> WHAT THIS TASK INVOLVES: Apart from the pictures, which must be omitted, restate the data exactly.

'''

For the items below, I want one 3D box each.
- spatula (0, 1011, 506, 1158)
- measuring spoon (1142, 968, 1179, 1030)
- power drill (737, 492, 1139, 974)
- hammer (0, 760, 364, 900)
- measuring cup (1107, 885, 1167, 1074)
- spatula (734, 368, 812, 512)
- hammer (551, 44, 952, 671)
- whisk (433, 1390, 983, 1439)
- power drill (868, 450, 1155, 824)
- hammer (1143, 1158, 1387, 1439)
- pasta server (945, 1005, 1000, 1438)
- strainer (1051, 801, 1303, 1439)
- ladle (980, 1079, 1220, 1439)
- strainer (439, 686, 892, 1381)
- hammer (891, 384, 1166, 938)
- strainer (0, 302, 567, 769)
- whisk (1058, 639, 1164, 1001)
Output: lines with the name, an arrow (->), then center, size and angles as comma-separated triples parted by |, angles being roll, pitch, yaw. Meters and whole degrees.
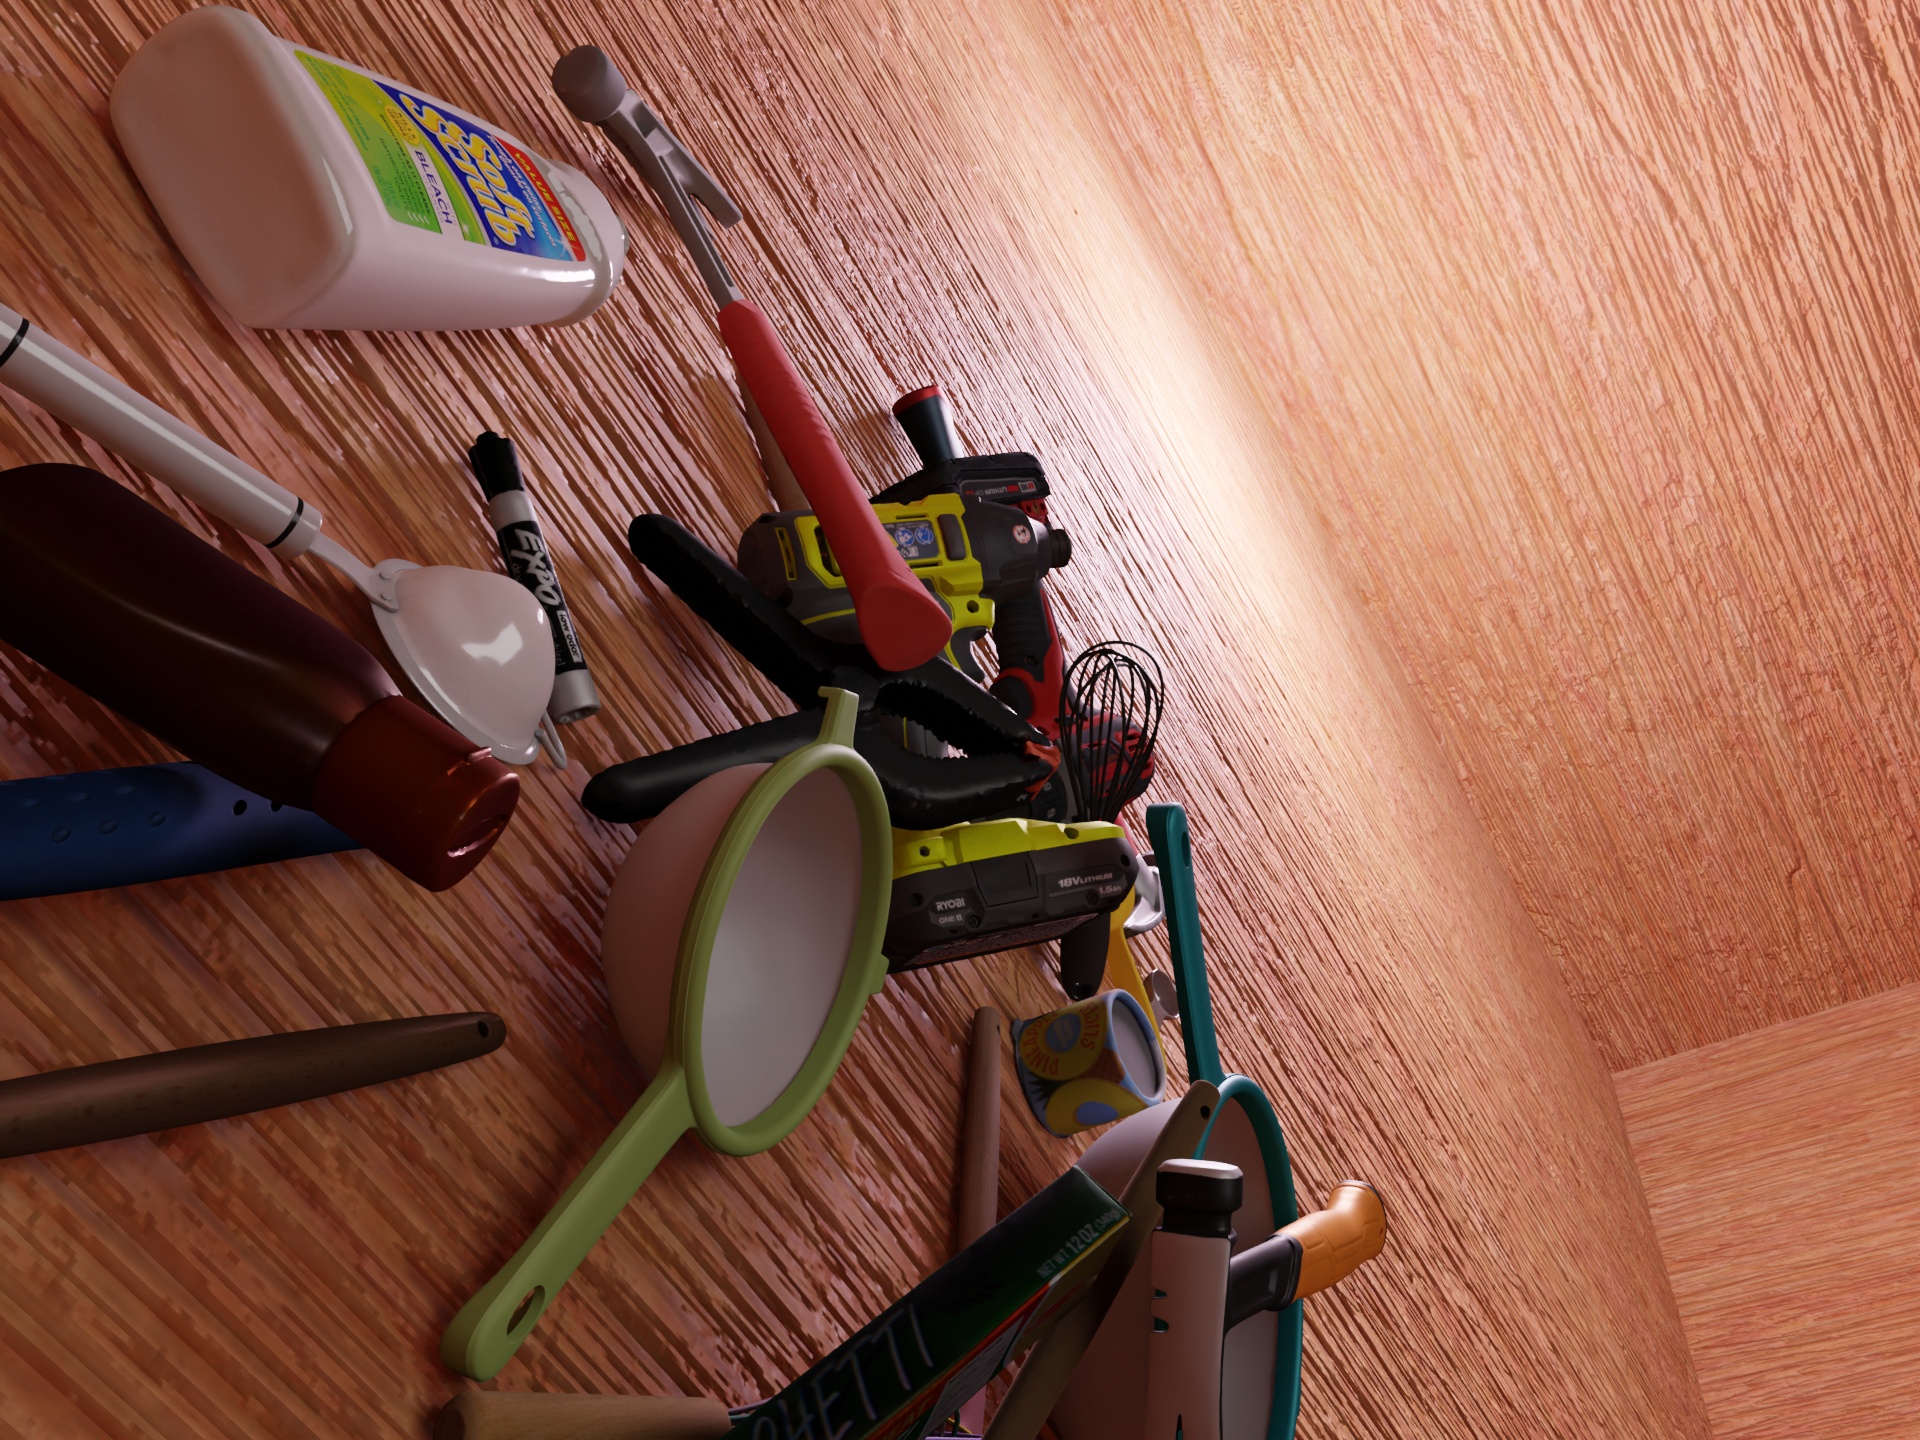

'''

> YOUR RESPONSE:
For the items below, I want one 3D box each.
- spatula (0, 1011, 506, 1158)
- measuring spoon (1142, 968, 1179, 1030)
- power drill (737, 492, 1139, 974)
- hammer (0, 760, 364, 900)
- measuring cup (1107, 885, 1167, 1074)
- spatula (734, 368, 812, 512)
- hammer (551, 44, 952, 671)
- whisk (433, 1390, 983, 1439)
- power drill (868, 450, 1155, 824)
- hammer (1143, 1158, 1387, 1439)
- pasta server (945, 1005, 1000, 1438)
- strainer (1051, 801, 1303, 1439)
- ladle (980, 1079, 1220, 1439)
- strainer (439, 686, 892, 1381)
- hammer (891, 384, 1166, 938)
- strainer (0, 302, 567, 769)
- whisk (1058, 639, 1164, 1001)
Output: lines with the name, an arrow (->), then center, size and angles as comma-separated triples parted by |, angles being roll, pitch, yaw. Meters and whole degrees.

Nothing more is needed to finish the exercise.